Inspiration and Data Preparation Article: https://opendatascience.com/a-machine-learning-deep-dive-into-my-spotify-data/
Flask Productionization: https://towardsdatascience.com/productionize-a-machine-learning-model-with-flask-and-heroku-8201260503d2
With each track, we used the following features to fit our model:
- Danceability
- Energy
- Instrumentalness
- Liveness
- Loudness
- Mode
- Speechiness
- Tempo
- Acousticness
- Valence
After getting the initial data from the Spotify API, I needed to clean a few parts and add some fields so that our data would be presentable and usable for our model. Here are some of the changes I made:
- Added a field for track name (taken via Spotify API)
- Added a field for artist name (taken via Spotify API)
- Added a field for artist genre (taken via Spotify API)
- Parsed lists containing genres from artist genres
- Added a field for if a track's artist is affiliated with the lofi genre
During the EDA, I took a look at the distributions of the predictors and the value counts for the different genres present in my model playlist. Here are some highlights!
I split the dataset into training and testing sets with a test size of 20%. I decided to just use a logistic regression model since I had many predictors (audio features) and one qualitative response variable (Is the artist part of the lofi genre?).

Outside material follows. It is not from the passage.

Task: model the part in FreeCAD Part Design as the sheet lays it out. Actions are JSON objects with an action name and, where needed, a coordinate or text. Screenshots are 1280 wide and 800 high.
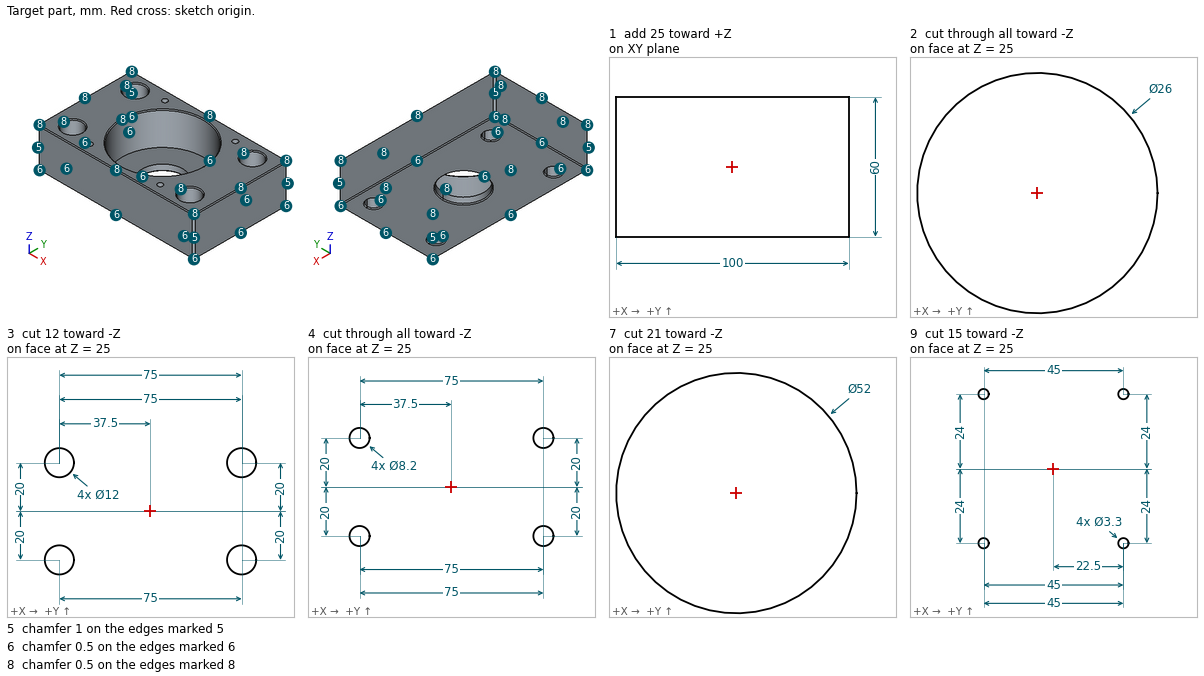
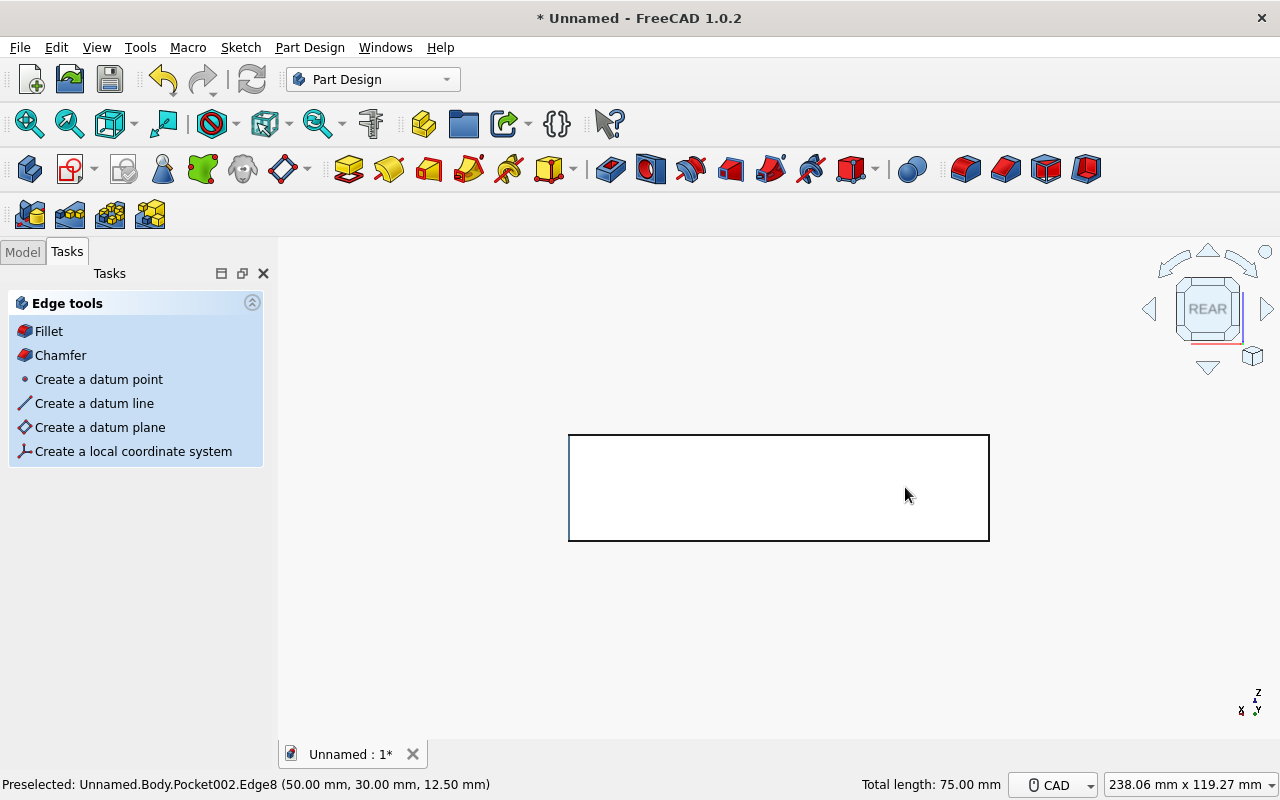
{"action": "key", "text": "v f"}

After running the model on the test set, I found that my model had an accuracy of 83.67%.
Using the tutorial listed above, I created a flask API endpoint that takes in a request with a list of values corresponding to the relevant track audio features and returns a prediction of whether or not the song's artist is part of the lofi genre. The endpoint was hosted on a local webserver.
I would love to continue this project further by refining the model to give a prediction for what genre the song's artist is a part of, rather than if the artist is part of just the lofi genre. I'd also like to test out different models and see if there are any approaches that are more accurate.